A large bod y of recent research suggests that changing demographics and differences of work values of generational groups will have profound effects on the workforce. Considering the increasing concerns of employers about loyalty and involvement in recent years, a re-examination of employees’ work attitudes (Goulet and Singh, 2002) as well as a comparison of the attitudes’ antecedents according to generations is timely (Solnet and Hood, 2008). There is a growing hospitality management literature that points to millennial employees having unique workplace needs and demands in comparison to earlier generations (for example, Chen and Choi, 2008; Davidson et al., 2010; Gursoy et al., 2007). However Solnet and Hood (2008) contended that more studies are needed to verify the breadth and strength of these differences. Moreover the need to expand knowledge internationally on generational differences with regard to work values, attitudes and behavior is also acknowledged (Westerman and Yamamura, 2007).

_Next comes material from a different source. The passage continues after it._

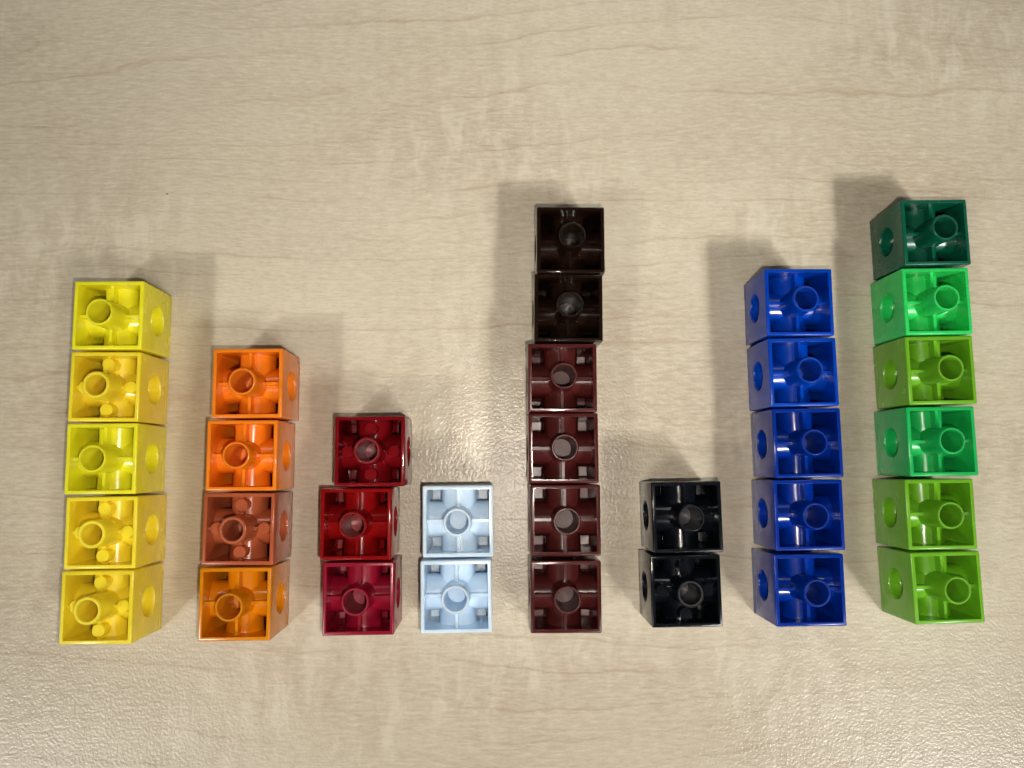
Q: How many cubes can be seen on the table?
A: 33

It could be argued that there is a need for studies that aim to integrate antecedents of organizational dedication in generations of employees as well as for investigations that deals with country contexts where these employee groups have been under-researched. New research on the factors influencing employees’ career decisions and intentions to stay in the newly industrialized countries such as Turkey, as studied here, could help broaden our perspectives. It is a common perception that frontline positions in the hospitality industry worldwide are marked by “turnover culture” (Iverson and Deery, 1997).